**WHAT YOU WILL DO:** With no images included, output each entry below exactly as it appears.

**PROVIDED DATA:**
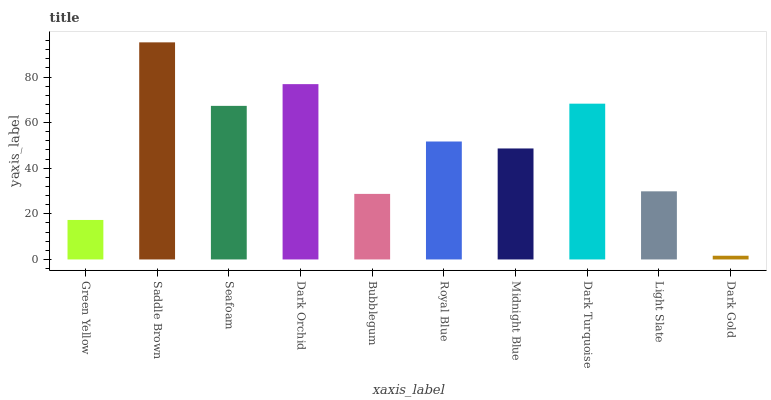Is Seafoam the minimum?
Answer yes or no. No. Is Seafoam the maximum?
Answer yes or no. No. Is Saddle Brown greater than Seafoam?
Answer yes or no. Yes. Is Seafoam less than Saddle Brown?
Answer yes or no. Yes. Is Seafoam greater than Saddle Brown?
Answer yes or no. No. Is Saddle Brown less than Seafoam?
Answer yes or no. No. Is Royal Blue the high median?
Answer yes or no. Yes. Is Midnight Blue the low median?
Answer yes or no. Yes. Is Green Yellow the high median?
Answer yes or no. No. Is Dark Turquoise the low median?
Answer yes or no. No. 
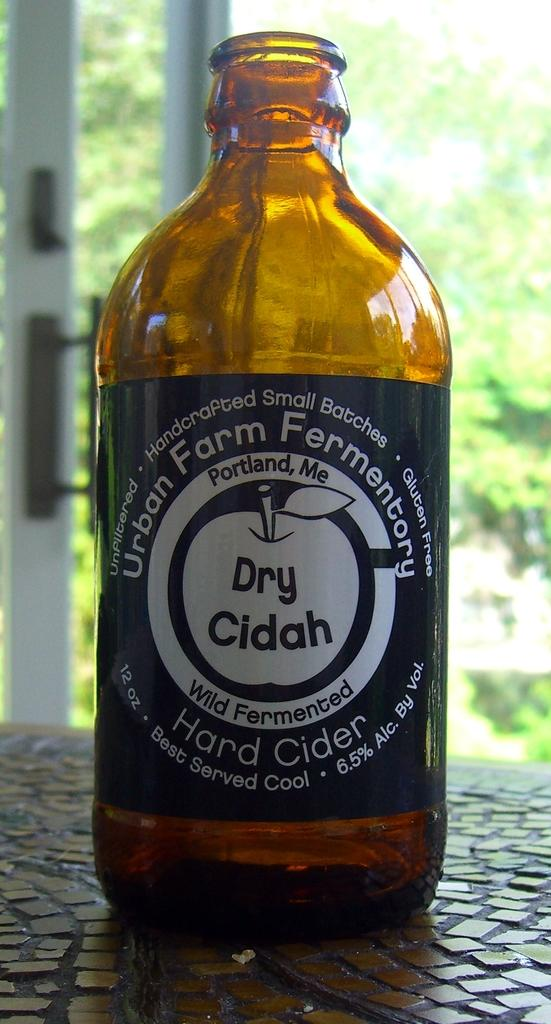<image>
Describe the image concisely. A bottle of hard cider from Urban Farm Fermentory in Portland, ME

**SOLUTION:**
Is Seafoam the minimum?
Answer yes or no. No. Is Seafoam the maximum?
Answer yes or no. No. Is Saddle Brown greater than Seafoam?
Answer yes or no. Yes. Is Seafoam less than Saddle Brown?
Answer yes or no. Yes. Is Seafoam greater than Saddle Brown?
Answer yes or no. No. Is Saddle Brown less than Seafoam?
Answer yes or no. No. Is Royal Blue the high median?
Answer yes or no. Yes. Is Midnight Blue the low median?
Answer yes or no. Yes. Is Green Yellow the high median?
Answer yes or no. No. Is Dark Turquoise the low median?
Answer yes or no. No. 
<image>
Describe the image concisely. A bottle of hard cider from Urban Farm Fermentory in Portland, ME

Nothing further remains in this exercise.